Chapters 8, 9, 10 and Context-Sensitive Grammars
General: Study suggested exercises for each chapter – most (but not all) are *’d and have solutions online. Read the breakout boxes and understand the concepts that they convey, with the most important being on pages 318, 322, 323, 390, 397, 435, 436).
Chapter 8: Know lectures and examples from Chapter 8, particularly TM programming lectures, slides (the handwritten ones) from week 9; I will ask you about one or more of these TM programs or something very similar., to include defining a TM. Study the examples from Chapter 8, most of which are “constructive”. From 8.5, know 8.5.1 and 8.5.2 — I won’t ask questions or make assumptions about the other sections of 8.5 (this includes not being asked about suggested exercise 8.5.1).
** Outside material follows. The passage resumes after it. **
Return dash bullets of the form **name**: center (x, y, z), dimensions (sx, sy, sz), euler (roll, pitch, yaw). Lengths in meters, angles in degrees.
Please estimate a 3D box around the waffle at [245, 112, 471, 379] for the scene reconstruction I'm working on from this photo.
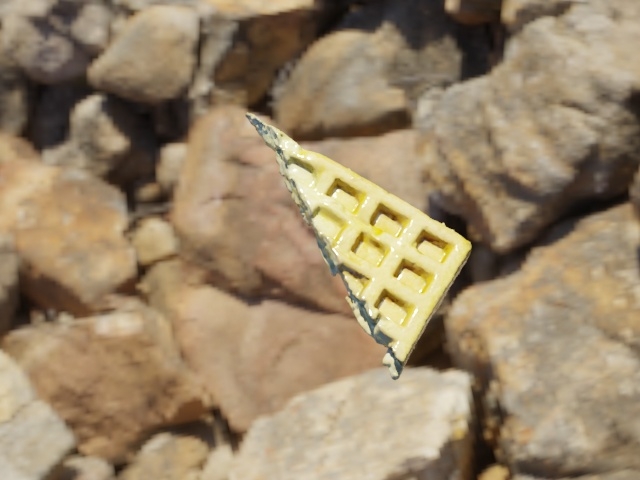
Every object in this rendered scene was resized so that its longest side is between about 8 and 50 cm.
- **waffle**: center (0.000, 0.000, 1.267), dimensions (0.191, 0.125, 0.032), euler (30, 155, 5)

Chapter 9: Know the definitions of recursively enumerable and recursive languages, as well as their relationships to (un)decidability, and to the unrestricted and context sensitive languages (October 27 lecture — not in book), context free languages, and regular languages. I will probably ask you to give a context sensitive grammar. Know how a property of context sensitive grammars relate to decidability and recursive languages. Understand the diagonalization and universal languages, and the concept and procedure for TM encoding into binary. Know the undecidable problems of section 9.3 and 9.5, and throughout 9.2 and 9.3, know the proof sketches of theorems (often given in terms of constructing one TM from another). I may ask you about the definition of Post’s Correspondence Problem (section 9.4.1 and the suggested exercise for that subsection), but not other sections of 9.4).
Chapter 10: Know definitions and relationships between P, NP, and NP-complete from 10.1. What is the relationship to the (un)decidable problems? Know polynomial-time reduction too. Does a polynomial reduction have to be by a deterministic TM, or is it assumed to be from an NTM? Know the SAT problem (10.2), and watch the good tutorial on Cook’s theorem that is posted under week 12 on Brightspace. Grasp the big picture, and I may ask about one of the component encodings in the constructive proof of Cook’s Theorem. Know what the other NP-complete problems are from 10.3 and 10.4, not just the labels, but their definitions too, but you don’t need more than surface understanding of the proofs.